--- ASSIGNMENT ---
Copy out, unchanged, every line from the start of the records to the line that contains "- rack shelf <box>1596,93,1867,139</box>", and stop there.

Source records
Content starts
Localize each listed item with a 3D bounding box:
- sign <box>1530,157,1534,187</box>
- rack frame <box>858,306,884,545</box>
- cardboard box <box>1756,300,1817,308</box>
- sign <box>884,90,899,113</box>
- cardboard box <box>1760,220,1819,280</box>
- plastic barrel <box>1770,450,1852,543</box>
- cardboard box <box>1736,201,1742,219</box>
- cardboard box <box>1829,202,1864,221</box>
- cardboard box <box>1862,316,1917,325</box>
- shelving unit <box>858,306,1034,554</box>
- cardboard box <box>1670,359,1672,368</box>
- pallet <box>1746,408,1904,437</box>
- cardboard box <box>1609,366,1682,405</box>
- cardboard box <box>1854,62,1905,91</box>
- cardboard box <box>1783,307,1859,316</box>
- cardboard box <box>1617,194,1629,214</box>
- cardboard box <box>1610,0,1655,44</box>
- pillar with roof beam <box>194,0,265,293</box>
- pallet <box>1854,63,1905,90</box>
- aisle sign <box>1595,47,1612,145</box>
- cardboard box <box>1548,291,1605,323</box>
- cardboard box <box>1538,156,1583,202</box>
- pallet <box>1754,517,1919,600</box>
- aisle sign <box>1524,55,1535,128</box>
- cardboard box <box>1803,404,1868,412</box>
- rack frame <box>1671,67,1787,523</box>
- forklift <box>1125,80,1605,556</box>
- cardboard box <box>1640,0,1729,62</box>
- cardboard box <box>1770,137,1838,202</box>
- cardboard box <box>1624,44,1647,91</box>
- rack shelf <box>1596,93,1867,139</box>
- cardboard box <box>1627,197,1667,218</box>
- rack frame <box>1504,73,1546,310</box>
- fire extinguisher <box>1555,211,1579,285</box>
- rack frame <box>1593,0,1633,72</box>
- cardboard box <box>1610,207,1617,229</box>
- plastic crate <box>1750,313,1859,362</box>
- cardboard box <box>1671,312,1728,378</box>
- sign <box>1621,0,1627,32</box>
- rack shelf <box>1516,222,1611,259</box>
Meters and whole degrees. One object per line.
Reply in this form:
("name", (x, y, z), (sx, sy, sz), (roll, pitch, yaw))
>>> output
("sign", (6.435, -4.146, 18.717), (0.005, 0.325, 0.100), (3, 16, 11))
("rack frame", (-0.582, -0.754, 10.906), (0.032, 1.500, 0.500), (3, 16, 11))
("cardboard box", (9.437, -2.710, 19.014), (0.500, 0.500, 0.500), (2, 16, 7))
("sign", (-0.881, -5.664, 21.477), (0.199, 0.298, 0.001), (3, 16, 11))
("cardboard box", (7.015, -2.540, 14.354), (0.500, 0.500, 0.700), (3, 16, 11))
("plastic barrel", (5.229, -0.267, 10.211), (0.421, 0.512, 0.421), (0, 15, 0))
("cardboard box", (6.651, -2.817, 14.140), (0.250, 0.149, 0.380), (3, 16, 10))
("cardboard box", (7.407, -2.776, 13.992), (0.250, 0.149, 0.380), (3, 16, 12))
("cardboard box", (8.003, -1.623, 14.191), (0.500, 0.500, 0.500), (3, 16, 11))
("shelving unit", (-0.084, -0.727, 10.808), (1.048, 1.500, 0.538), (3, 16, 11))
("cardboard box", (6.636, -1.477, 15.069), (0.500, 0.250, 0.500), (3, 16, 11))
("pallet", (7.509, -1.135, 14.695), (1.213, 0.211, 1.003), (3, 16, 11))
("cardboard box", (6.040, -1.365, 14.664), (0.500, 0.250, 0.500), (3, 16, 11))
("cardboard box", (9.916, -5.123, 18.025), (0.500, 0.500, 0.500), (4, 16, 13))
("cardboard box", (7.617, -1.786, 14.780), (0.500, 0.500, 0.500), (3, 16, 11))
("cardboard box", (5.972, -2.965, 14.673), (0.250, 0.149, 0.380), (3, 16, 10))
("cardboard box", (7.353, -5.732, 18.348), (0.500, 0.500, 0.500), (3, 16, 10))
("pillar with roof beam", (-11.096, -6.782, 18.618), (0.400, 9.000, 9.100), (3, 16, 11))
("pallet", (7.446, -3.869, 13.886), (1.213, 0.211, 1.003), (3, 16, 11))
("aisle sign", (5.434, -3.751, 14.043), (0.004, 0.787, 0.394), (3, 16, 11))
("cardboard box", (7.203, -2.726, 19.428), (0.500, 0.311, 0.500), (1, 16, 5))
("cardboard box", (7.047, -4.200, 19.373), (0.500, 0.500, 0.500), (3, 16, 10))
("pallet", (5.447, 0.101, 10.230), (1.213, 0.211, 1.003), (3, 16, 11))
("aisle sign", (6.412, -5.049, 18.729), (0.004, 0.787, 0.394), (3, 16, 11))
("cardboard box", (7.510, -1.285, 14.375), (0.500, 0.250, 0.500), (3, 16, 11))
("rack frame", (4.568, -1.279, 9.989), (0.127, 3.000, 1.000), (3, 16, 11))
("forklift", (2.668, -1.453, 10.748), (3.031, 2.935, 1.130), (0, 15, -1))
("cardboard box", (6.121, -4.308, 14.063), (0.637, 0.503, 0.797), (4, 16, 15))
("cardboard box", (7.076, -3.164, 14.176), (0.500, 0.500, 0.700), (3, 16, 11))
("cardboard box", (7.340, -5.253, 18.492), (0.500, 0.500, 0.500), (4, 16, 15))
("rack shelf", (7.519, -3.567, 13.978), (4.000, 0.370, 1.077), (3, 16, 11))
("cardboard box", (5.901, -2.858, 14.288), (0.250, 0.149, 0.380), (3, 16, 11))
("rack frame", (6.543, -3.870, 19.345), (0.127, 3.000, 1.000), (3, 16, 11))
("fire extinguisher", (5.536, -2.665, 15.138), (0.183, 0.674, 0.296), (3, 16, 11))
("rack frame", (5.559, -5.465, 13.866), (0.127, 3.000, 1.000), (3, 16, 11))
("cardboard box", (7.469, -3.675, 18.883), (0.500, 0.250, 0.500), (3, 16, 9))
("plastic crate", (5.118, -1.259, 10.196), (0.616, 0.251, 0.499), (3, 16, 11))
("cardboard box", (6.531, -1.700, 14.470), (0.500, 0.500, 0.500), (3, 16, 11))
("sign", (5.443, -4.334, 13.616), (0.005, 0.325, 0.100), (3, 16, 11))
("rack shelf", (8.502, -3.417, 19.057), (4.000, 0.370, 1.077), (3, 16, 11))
Content ends
--- WRITTEN RESPONSE ---
Localize each listed item with a 3D bounding box:
- sign <box>1530,157,1534,187</box>
- rack frame <box>858,306,884,545</box>
- cardboard box <box>1756,300,1817,308</box>
- sign <box>884,90,899,113</box>
- cardboard box <box>1760,220,1819,280</box>
- plastic barrel <box>1770,450,1852,543</box>
- cardboard box <box>1736,201,1742,219</box>
- cardboard box <box>1829,202,1864,221</box>
- cardboard box <box>1862,316,1917,325</box>
- shelving unit <box>858,306,1034,554</box>
- cardboard box <box>1670,359,1672,368</box>
- pallet <box>1746,408,1904,437</box>
- cardboard box <box>1609,366,1682,405</box>
- cardboard box <box>1854,62,1905,91</box>
- cardboard box <box>1783,307,1859,316</box>
- cardboard box <box>1617,194,1629,214</box>
- cardboard box <box>1610,0,1655,44</box>
- pillar with roof beam <box>194,0,265,293</box>
- pallet <box>1854,63,1905,90</box>
- aisle sign <box>1595,47,1612,145</box>
- cardboard box <box>1548,291,1605,323</box>
- cardboard box <box>1538,156,1583,202</box>
- pallet <box>1754,517,1919,600</box>
- aisle sign <box>1524,55,1535,128</box>
- cardboard box <box>1803,404,1868,412</box>
- rack frame <box>1671,67,1787,523</box>
- forklift <box>1125,80,1605,556</box>
- cardboard box <box>1640,0,1729,62</box>
- cardboard box <box>1770,137,1838,202</box>
- cardboard box <box>1624,44,1647,91</box>
- rack shelf <box>1596,93,1867,139</box>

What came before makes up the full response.